▶ **PROBLEM REQUIREMENTS**
Among the entries below, extract exactly the lines that run from the one with "Task: Select the" through the one with "The image size is (924, 1307).", both ends included.
== DATA EXCERPTS ==
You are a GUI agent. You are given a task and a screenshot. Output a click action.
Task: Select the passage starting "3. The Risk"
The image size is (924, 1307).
===
== DATA EXCERPTS ==
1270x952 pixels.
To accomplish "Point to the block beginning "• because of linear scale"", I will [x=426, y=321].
===
▶ **EXERCISE ANSWER**
Task: Select the passage starting "3. The Risk"
The image size is (924, 1307).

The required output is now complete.